Area of known discoveries

The state said there are six wells certified capable of production in paying quantities within the proposed expansion area — five on net profit share leases for which Pioneer received royalty relief — and two other certified wells in the vicinity of the unit.

The eight wells certified by the state are: Exxon Thetis Island 1, in the northeast part of the unit; ARCO Kalubik 1; and four Colville Delta wells (Texaco Colville 1, 1A, 2 and 3) that lie on the four net profit share leases. The two other certified wells, outside and to the west of the unit, are the Kuukpik 3 (approximately two and one half miles) and the Amerada Hess Corp. Colville 25-13-6 (approximately a quarter of a mile).

Pioneer Natural Resources President and COO Timothy Dove said in a November analysts’ call that the company is looking at adjacent opportunities to possibly tie into Oooguruk.

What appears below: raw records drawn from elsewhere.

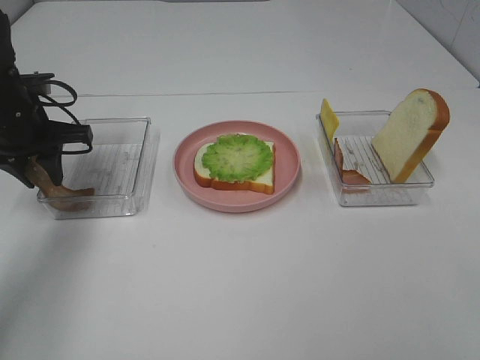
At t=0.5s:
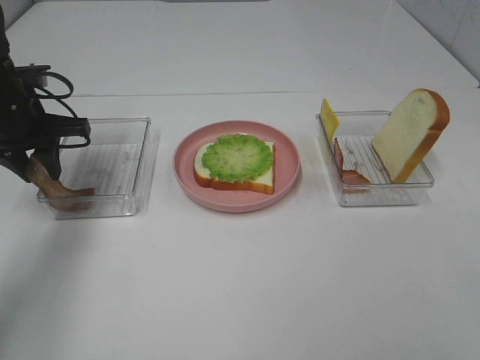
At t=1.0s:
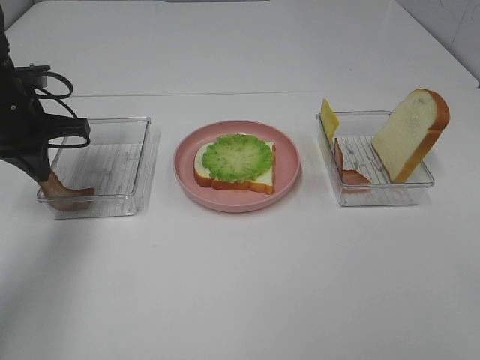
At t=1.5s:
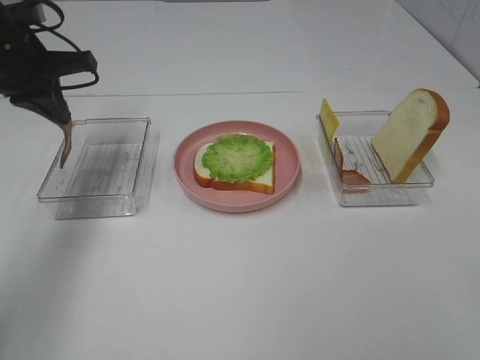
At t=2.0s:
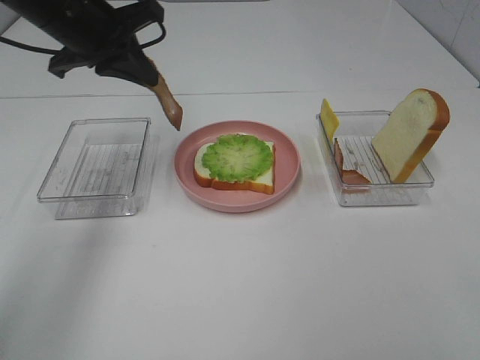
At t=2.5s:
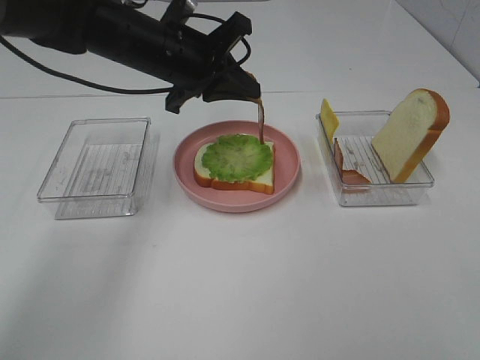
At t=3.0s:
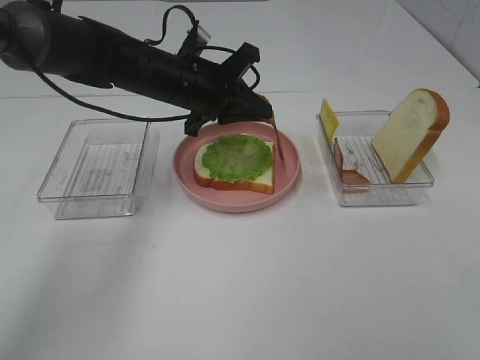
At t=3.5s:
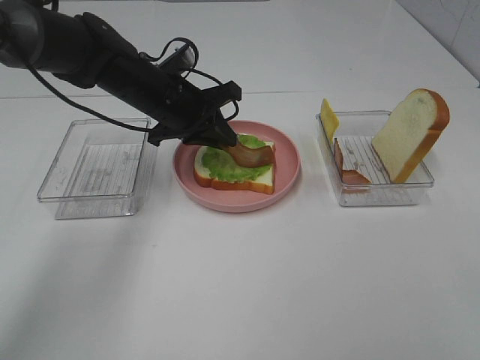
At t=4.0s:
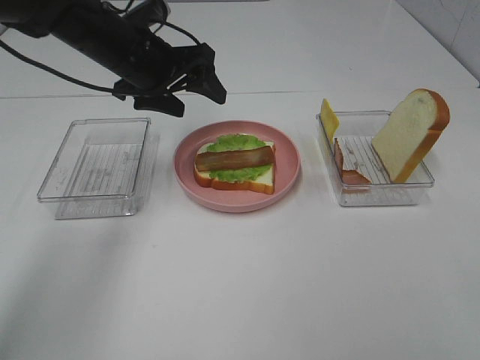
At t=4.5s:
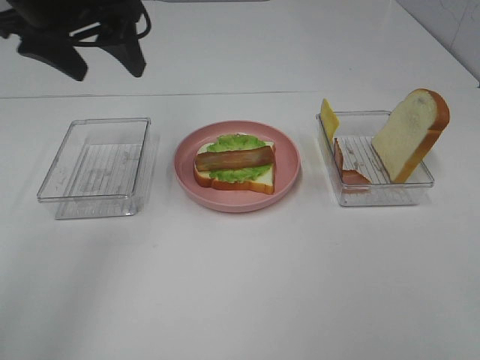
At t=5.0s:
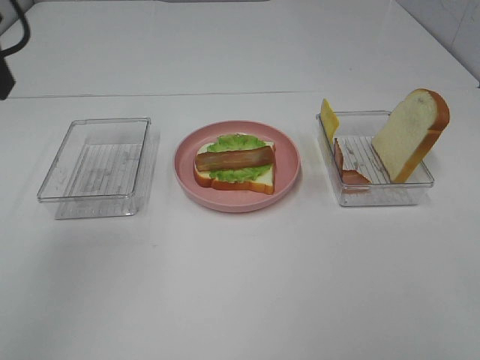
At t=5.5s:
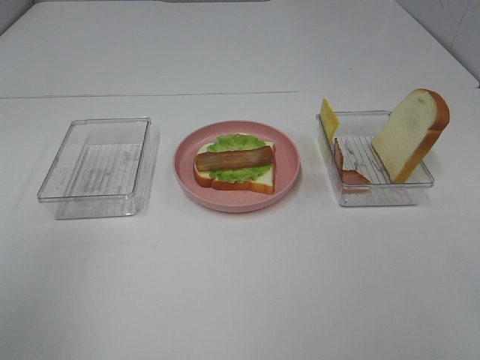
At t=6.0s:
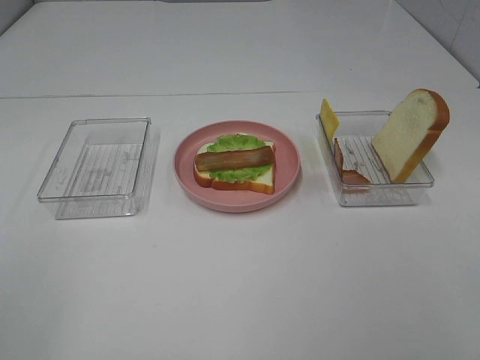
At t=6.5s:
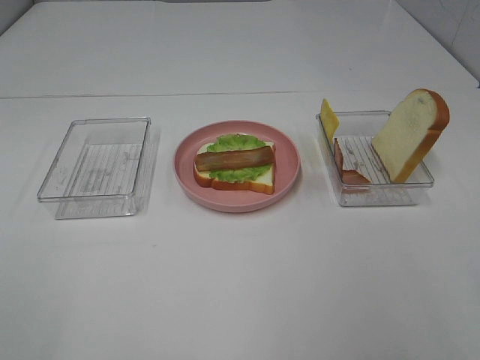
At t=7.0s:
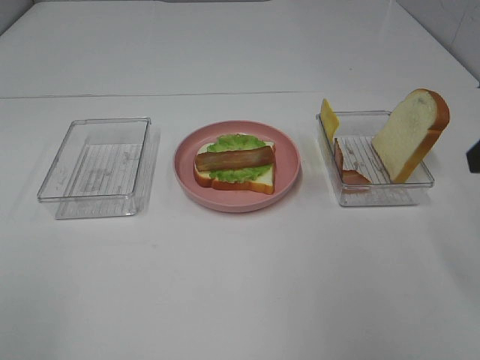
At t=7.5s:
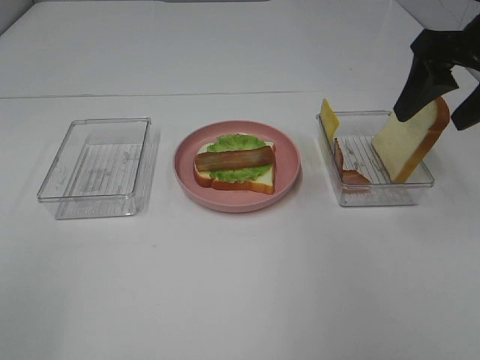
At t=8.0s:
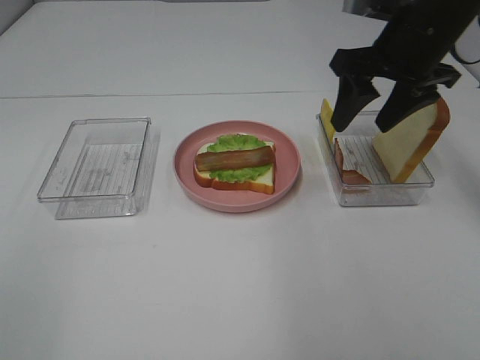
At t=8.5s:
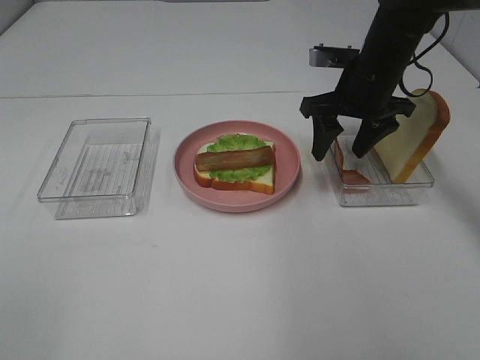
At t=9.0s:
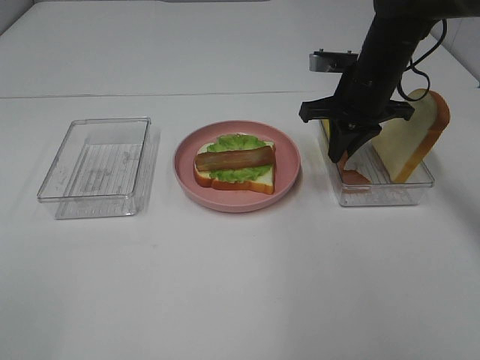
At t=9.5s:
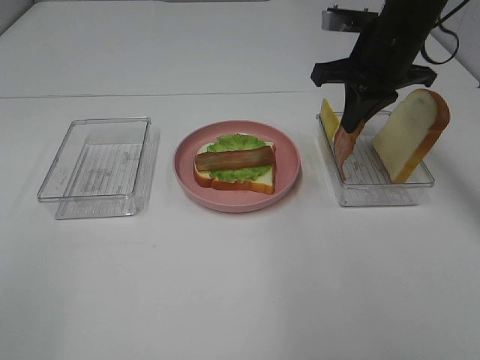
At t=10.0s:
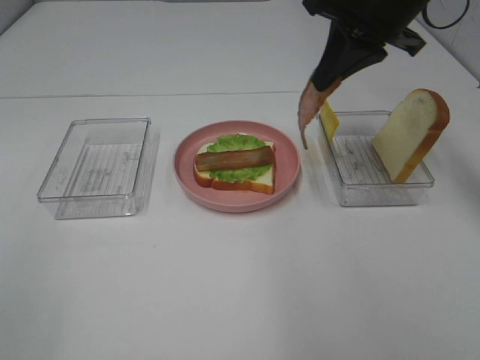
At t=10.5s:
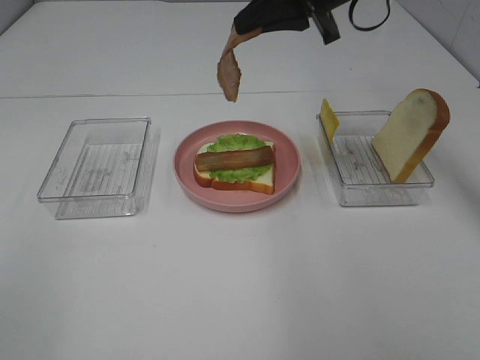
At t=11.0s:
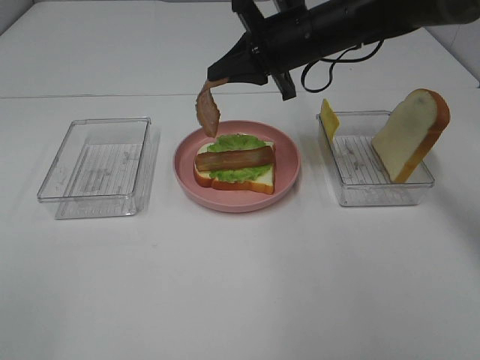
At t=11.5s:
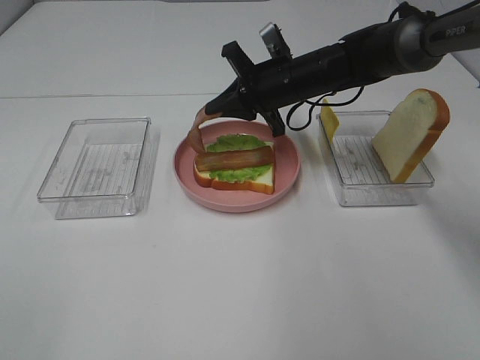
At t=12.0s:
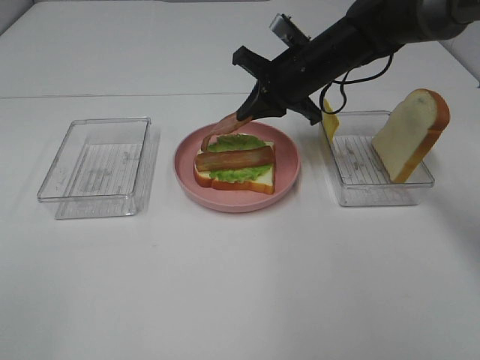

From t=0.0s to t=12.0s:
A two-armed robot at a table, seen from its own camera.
Task of the whole recording: Make sandwiches.
Step, from t=1.5s to t=3.5s: Left hand:place bacon on lettuce slice.
Step, from t=4.0s to t=9.0s: Right hand:grab the bacon.
From t=0.0s to t=2.0s: The left gripper goes approximately 15 cm upward and to the right, and closes.
From t=2.0s to t=4.0s: The left gripper opens its fingers.
From t=4.0s to t=6.0s: The left gripper shifts approximately 40 cm backward and to the left.
From t=6.0s to t=8.0s: The right gripper heads forward, covering approximately 35 cm.
From t=8.0s to t=10.0s: The right gripper closes.
From t=10.0s to t=12.0s: The right gripper heads downward and forward, covering some 15 cm.

He said there are “known reserves in and around Oooguruk that we’re now evaluating for potential tie-ins as we get closer to actual production. In fact we know that there’s a known resource about two to three miles away that’s 20 million to 30 million barrels, which has several wells already having penetrated it.”

“If you’re standing on Pioneer’s island and look around in a two- to three-mile radius you’ll see an area that was initially drilled mainly by Texaco and ARCO,” Bill Van Dyke of the Alaska Division of Oil and Gas told Petroleum News in November.

“To the southwest are ConocoPhillips leases and the Makua wells Conoco is looking at drilling,” he said.

While Pioneer is developing a reservoir similar in age to Alpine, there is “also a chance to pick up a Kuparuk reservoir.”

“There’s always been good oil charge in the area from Oooguruk to Alpine,” Van Dyke said.